When in bloom you will find flower colours from the lilac blues, through to reds and whites. Both single and double flowering types are available. One of the popular cultivars that are available include ‘Red Ensigne’, (see picture right).

In our mind one of the most attractive frost hardy hibiscus. White flowers with contrasting deep magenta red centres. Easily pruned and can be grown as a standard.

Foliage is a mid to light green with the leaves deeply lobed.
Excellent as a ‘stand alone shrub’ or grown towards the rear of the garden border. As it prunes easily this is a plant that can also be used as a hedge.


Remarkably easy care given a humus rich moist but free draining soil. Hibiscus syriacus does not grow well in soils that are waterlogged.

Generally best suited to USDA Zones 5 – 9 The Rose of Sharon can be grown in cooler zones if given protection over winter.

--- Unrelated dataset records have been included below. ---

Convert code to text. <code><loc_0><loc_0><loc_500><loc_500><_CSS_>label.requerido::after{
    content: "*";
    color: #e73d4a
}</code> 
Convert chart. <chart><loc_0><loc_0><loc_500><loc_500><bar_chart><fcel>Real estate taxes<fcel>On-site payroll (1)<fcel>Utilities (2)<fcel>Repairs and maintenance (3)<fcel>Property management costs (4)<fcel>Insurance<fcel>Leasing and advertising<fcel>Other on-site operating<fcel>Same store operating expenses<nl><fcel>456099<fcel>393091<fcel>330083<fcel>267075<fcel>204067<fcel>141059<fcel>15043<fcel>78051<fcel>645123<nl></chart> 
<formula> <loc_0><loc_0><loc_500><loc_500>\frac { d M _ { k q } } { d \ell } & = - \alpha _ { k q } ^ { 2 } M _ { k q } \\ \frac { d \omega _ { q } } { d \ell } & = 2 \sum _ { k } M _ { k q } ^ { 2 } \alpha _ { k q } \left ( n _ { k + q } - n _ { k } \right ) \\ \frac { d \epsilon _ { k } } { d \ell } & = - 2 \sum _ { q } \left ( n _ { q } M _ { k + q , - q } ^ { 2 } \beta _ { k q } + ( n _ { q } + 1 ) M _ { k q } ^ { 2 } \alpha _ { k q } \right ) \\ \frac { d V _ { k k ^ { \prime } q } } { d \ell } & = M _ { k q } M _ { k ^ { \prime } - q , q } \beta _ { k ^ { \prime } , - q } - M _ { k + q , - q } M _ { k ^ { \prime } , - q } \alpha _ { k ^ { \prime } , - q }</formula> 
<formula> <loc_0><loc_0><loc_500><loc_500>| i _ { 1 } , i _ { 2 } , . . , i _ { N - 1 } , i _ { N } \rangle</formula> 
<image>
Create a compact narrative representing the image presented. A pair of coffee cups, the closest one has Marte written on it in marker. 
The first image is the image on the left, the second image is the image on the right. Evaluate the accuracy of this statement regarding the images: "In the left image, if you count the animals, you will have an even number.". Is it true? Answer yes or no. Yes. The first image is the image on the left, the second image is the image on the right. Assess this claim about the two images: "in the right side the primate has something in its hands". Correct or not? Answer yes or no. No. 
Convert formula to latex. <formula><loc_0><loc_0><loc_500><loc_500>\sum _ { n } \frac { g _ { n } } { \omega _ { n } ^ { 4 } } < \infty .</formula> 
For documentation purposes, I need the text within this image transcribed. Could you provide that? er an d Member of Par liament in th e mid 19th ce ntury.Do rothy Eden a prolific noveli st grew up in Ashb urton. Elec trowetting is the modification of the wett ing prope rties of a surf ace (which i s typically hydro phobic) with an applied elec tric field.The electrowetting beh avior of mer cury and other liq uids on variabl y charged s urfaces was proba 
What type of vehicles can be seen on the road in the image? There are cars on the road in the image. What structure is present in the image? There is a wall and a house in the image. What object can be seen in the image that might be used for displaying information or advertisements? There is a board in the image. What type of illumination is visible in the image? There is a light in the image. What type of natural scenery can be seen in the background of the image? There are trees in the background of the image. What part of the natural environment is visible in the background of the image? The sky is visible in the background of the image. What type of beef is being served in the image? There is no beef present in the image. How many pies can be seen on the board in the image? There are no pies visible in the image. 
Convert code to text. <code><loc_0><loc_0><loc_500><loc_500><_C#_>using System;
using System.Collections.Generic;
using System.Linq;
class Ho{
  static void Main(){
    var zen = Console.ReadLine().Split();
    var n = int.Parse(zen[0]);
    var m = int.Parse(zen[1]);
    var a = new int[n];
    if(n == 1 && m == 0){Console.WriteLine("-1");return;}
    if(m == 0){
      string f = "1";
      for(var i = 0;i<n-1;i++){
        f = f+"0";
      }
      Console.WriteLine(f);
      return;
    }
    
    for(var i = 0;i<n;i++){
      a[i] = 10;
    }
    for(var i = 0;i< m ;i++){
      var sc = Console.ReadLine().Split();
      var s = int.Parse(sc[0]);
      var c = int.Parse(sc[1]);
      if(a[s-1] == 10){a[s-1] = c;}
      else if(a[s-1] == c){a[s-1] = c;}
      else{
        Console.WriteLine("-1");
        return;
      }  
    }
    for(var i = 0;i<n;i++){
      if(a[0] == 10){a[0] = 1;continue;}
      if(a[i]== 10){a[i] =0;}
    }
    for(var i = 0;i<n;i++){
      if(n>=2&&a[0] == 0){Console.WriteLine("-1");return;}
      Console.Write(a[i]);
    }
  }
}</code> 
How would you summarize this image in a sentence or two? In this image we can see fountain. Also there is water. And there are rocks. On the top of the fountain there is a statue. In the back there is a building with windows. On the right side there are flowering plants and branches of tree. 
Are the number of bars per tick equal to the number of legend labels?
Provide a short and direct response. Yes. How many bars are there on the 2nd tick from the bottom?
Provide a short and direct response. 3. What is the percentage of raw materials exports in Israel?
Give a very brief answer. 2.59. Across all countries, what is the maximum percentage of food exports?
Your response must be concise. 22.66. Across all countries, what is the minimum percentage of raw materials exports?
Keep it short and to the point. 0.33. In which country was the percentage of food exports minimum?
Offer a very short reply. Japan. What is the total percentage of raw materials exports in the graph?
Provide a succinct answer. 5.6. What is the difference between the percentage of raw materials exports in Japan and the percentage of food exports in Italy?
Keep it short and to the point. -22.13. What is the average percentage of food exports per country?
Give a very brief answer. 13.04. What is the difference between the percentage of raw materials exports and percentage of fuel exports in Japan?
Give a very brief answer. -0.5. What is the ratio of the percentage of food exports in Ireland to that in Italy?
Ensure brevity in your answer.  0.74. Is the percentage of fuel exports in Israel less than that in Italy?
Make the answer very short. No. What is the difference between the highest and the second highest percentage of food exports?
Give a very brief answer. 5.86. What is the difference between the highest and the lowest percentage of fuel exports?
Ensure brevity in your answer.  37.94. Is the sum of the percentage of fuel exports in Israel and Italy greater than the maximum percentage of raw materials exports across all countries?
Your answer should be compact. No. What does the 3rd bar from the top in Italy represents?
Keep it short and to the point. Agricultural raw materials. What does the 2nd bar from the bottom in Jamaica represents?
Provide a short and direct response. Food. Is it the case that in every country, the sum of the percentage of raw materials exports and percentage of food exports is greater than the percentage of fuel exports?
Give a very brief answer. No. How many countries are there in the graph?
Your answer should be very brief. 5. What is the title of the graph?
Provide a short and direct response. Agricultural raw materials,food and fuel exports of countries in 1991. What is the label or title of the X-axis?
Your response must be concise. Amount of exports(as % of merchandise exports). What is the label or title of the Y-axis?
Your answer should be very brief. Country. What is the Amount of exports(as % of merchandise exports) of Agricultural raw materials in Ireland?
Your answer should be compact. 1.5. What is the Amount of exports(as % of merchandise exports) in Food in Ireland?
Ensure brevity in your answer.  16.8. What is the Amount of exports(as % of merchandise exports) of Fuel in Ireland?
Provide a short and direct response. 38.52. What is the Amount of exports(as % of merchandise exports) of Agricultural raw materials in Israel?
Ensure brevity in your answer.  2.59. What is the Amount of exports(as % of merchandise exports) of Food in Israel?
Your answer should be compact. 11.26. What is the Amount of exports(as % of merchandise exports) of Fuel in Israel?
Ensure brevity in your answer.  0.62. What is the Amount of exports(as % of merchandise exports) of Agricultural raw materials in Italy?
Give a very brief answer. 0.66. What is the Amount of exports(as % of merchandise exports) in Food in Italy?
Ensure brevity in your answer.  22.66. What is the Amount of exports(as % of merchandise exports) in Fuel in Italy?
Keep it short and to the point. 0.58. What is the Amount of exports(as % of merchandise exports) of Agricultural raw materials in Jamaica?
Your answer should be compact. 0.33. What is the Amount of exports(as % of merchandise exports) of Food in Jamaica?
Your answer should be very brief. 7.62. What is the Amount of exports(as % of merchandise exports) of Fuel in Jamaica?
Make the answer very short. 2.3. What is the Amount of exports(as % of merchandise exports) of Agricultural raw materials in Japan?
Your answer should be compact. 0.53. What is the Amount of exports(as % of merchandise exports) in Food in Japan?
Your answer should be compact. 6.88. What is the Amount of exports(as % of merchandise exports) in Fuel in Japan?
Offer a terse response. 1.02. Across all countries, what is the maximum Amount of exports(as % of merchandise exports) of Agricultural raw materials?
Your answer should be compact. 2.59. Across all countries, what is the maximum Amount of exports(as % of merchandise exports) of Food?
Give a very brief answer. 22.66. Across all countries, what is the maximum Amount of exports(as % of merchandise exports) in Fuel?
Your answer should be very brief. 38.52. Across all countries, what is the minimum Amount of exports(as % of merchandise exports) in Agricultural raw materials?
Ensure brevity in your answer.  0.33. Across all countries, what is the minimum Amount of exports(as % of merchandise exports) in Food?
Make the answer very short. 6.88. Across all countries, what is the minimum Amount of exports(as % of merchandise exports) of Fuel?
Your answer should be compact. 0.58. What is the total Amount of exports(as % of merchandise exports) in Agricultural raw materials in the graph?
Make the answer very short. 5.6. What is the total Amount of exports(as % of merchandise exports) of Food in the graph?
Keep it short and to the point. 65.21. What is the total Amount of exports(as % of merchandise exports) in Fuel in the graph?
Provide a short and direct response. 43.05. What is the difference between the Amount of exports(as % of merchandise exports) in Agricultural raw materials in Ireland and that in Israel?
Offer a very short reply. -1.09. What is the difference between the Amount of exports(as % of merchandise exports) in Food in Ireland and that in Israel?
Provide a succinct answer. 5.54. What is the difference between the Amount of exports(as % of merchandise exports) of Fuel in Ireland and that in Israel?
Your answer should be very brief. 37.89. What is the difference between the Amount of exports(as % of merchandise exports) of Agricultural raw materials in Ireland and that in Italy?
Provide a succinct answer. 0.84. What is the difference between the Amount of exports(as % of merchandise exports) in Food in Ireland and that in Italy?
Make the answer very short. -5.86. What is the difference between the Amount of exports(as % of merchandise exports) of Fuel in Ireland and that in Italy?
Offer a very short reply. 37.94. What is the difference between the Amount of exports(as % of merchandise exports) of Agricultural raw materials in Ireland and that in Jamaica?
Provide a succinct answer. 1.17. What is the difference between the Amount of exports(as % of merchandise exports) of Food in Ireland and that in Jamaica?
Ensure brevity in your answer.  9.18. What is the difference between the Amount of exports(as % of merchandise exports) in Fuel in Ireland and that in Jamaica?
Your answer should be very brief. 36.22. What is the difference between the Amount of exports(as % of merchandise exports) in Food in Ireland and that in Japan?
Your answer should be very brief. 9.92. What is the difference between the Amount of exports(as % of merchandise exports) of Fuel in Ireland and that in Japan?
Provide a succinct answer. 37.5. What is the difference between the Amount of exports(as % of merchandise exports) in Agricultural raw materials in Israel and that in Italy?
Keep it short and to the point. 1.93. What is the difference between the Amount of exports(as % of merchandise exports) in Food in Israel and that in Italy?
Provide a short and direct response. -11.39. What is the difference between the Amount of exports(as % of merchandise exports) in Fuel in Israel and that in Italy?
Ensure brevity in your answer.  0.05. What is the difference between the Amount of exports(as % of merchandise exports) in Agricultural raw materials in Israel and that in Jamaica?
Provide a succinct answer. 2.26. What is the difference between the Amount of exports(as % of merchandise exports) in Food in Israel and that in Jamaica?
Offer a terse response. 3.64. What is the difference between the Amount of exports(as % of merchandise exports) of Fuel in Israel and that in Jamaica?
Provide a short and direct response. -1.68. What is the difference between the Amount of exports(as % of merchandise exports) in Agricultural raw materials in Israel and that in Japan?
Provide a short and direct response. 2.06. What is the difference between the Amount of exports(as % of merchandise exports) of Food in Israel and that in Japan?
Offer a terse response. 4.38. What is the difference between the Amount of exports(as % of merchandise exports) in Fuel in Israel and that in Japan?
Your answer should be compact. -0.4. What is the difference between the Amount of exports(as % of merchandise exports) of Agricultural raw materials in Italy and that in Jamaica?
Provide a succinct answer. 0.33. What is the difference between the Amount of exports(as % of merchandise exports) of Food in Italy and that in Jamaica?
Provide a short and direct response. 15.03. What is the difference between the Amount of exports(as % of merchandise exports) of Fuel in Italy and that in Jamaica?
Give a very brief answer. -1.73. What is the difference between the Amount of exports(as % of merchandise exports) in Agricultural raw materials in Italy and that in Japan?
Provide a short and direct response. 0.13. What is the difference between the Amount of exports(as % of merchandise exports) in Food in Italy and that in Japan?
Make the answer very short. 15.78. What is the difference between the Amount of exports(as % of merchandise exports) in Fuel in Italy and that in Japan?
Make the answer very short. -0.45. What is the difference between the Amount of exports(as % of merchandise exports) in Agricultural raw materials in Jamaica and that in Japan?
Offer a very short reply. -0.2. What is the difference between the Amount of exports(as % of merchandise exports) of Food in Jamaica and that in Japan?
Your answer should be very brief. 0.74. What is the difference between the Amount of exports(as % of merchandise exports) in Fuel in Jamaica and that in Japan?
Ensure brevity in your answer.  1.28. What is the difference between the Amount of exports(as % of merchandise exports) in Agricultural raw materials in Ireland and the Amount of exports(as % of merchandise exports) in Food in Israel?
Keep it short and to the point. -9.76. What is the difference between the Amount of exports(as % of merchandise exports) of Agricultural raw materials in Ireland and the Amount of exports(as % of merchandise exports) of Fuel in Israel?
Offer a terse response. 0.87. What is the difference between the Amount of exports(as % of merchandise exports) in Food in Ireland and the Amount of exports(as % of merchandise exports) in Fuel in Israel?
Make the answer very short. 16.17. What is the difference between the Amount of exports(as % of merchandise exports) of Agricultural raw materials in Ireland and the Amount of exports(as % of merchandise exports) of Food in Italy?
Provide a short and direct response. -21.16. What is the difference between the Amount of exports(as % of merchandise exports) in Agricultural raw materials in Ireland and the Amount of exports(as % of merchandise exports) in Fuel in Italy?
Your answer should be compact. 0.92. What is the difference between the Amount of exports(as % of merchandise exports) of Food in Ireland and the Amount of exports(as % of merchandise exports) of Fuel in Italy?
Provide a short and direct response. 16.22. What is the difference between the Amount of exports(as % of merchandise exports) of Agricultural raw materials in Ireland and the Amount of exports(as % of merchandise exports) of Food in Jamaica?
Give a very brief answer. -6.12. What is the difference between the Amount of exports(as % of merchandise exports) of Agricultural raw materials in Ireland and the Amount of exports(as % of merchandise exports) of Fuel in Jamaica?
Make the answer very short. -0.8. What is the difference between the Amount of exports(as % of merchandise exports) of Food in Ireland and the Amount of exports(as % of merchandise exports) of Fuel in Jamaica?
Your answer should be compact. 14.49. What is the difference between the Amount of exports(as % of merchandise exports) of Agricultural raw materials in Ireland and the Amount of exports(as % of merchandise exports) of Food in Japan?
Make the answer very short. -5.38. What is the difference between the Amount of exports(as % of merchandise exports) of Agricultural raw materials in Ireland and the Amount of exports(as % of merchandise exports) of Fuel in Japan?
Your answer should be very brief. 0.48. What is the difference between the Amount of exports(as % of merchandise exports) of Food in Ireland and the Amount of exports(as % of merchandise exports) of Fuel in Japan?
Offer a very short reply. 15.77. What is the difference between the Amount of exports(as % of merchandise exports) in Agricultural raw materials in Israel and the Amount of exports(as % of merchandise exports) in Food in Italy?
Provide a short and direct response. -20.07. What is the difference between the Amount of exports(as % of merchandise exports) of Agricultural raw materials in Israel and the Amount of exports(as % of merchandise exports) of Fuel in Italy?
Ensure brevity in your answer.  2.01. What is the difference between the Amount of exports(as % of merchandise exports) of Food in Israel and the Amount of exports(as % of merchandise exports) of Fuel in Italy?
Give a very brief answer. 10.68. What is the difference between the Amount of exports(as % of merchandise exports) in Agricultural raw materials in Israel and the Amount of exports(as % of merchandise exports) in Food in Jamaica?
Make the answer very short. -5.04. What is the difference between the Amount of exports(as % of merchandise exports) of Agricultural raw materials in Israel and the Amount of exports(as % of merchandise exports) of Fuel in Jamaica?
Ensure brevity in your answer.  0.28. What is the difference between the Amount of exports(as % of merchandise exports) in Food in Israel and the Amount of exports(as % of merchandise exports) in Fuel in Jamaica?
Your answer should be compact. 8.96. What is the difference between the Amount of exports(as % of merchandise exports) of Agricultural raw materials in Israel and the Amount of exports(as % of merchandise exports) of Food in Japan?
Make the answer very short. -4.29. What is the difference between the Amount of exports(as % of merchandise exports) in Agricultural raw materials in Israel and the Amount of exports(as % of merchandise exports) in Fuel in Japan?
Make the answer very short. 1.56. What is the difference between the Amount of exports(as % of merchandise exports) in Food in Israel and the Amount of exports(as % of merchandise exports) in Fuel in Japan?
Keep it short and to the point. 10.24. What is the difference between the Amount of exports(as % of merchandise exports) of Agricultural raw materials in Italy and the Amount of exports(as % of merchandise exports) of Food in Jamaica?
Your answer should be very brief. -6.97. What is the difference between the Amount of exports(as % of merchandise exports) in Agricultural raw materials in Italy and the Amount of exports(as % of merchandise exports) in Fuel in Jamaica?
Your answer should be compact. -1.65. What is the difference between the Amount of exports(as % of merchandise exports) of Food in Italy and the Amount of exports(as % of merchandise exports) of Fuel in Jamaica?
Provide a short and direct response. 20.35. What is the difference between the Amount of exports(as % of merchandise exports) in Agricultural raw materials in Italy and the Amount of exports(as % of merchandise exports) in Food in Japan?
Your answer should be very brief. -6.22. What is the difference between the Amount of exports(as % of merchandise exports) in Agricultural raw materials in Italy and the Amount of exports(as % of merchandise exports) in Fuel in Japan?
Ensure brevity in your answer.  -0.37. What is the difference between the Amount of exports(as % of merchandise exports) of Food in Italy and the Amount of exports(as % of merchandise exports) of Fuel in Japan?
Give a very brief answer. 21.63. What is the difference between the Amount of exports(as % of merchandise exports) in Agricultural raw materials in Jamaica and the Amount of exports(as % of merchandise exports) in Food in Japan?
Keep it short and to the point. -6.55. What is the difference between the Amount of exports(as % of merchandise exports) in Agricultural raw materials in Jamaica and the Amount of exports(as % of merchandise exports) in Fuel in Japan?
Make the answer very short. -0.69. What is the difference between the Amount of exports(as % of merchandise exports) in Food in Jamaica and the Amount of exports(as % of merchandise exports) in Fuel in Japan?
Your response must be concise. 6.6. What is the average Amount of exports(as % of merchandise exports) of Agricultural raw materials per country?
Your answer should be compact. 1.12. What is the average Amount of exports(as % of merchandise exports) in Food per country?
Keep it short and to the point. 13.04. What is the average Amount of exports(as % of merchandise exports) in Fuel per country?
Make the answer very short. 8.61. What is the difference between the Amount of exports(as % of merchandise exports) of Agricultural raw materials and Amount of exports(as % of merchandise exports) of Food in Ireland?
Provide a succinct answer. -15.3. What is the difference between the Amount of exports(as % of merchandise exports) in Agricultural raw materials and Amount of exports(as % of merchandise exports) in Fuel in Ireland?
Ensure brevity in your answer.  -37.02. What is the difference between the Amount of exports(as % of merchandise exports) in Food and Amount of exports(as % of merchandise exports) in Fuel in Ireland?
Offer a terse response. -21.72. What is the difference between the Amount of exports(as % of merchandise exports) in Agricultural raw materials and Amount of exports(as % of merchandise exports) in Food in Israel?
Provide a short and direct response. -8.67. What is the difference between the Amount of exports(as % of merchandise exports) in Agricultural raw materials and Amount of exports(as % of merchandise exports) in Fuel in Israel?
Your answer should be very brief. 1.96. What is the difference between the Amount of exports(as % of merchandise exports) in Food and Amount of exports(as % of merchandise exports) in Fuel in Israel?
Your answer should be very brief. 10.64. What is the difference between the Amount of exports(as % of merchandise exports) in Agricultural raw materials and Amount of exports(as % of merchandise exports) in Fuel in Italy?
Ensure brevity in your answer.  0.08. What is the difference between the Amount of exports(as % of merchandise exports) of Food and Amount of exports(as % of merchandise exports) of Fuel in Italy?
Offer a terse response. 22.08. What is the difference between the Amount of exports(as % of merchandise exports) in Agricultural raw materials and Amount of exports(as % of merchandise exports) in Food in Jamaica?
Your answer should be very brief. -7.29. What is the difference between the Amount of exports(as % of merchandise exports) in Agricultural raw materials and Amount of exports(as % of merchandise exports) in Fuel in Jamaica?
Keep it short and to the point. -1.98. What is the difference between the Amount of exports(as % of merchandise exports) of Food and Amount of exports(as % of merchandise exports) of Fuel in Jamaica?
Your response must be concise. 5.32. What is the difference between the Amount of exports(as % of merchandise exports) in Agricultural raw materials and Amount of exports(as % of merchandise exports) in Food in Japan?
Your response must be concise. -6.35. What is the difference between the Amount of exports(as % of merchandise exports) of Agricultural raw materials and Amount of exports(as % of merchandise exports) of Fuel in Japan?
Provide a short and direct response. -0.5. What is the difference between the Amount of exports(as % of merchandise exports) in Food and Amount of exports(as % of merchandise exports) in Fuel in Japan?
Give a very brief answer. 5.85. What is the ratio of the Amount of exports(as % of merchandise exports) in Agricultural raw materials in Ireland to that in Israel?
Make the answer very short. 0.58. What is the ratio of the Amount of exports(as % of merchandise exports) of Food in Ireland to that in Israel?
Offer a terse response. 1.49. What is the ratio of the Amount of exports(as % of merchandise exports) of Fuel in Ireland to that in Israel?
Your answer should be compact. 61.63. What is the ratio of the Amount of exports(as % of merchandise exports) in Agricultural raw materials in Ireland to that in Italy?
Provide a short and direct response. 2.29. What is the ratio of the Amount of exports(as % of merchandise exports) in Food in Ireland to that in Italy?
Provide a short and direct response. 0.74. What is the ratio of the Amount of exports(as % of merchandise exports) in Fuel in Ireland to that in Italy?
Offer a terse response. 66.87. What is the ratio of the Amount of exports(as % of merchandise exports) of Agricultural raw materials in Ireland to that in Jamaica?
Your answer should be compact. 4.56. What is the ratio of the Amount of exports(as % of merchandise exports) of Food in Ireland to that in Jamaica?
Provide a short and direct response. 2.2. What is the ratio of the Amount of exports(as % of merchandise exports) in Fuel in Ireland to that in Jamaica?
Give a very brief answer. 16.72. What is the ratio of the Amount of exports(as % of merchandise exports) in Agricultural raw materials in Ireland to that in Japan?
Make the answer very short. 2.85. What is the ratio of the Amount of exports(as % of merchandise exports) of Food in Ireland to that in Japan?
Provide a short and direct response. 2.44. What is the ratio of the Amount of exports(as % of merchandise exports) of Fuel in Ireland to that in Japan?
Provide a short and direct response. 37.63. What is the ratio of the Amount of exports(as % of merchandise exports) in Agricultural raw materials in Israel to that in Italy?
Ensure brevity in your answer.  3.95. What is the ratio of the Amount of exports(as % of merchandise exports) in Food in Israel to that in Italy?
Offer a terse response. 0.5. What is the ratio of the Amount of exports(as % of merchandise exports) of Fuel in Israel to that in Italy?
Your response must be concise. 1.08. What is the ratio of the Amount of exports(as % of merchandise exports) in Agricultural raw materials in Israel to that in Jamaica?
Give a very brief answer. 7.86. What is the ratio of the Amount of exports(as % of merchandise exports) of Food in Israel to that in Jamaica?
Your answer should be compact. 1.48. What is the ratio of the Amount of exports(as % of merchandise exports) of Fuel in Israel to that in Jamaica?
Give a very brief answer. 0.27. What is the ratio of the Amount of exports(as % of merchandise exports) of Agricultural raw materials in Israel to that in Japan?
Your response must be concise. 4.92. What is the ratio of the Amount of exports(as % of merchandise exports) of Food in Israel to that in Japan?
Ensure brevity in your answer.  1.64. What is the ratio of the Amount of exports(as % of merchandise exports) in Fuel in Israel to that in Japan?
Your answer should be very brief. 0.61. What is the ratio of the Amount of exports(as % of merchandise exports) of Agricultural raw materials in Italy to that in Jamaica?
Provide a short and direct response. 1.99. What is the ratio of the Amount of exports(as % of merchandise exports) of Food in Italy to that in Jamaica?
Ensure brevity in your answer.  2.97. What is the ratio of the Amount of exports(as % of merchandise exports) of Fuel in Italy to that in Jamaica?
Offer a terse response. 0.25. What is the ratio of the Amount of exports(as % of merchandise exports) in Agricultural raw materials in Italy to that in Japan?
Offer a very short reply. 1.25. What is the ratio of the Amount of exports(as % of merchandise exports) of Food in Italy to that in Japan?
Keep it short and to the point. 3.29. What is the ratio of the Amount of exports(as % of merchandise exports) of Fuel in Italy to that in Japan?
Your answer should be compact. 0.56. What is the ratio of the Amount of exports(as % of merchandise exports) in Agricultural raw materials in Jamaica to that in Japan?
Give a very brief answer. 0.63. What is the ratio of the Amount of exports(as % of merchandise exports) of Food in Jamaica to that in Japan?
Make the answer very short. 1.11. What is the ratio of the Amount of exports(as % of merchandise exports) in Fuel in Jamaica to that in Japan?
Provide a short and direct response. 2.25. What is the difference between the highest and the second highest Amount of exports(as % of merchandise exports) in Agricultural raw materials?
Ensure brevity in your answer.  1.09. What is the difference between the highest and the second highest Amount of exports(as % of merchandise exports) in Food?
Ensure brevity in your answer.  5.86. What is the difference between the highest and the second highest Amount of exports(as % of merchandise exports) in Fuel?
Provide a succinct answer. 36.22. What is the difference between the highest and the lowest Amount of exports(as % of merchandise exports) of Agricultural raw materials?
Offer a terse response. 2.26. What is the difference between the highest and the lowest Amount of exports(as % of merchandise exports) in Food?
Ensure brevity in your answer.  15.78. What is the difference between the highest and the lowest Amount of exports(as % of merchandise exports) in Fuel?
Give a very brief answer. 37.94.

An open position in full sun, with a humus rich well drained soil is best.This allows the plant to develop its best shape, and good sun and drainage help prevent disease.

This is a plant that requires annual applications of fertiliser to perform at its best. A regular application of well rotted compost along with liquid seaweed fertiliser works well as an organic method. All purpose slow release type fertilisers can also be used.

Usually grown as a shrub Hibiscus syriacus can also be espaliered for those with narrow spaces. Tolerant of sun, part shade and poor soils, all that is involved is some fertilizer in spring and pruning as required.

Pruning Hibiscus syriacus

We have seen plants that have not been pruned for many years and are still flowering well. Hibiscus syriacus is easy to prune, basically just find a bud and simply prune back as required.

Two types of pruning are carried out.

Formative pruning that determines the shape and number of stems or trunks that the shrub forms is foremost. This type of pruning allows the plant to be left as a bushy shrub, trained as a standard or even used as an espalier in smaller gardens or narrow spaces.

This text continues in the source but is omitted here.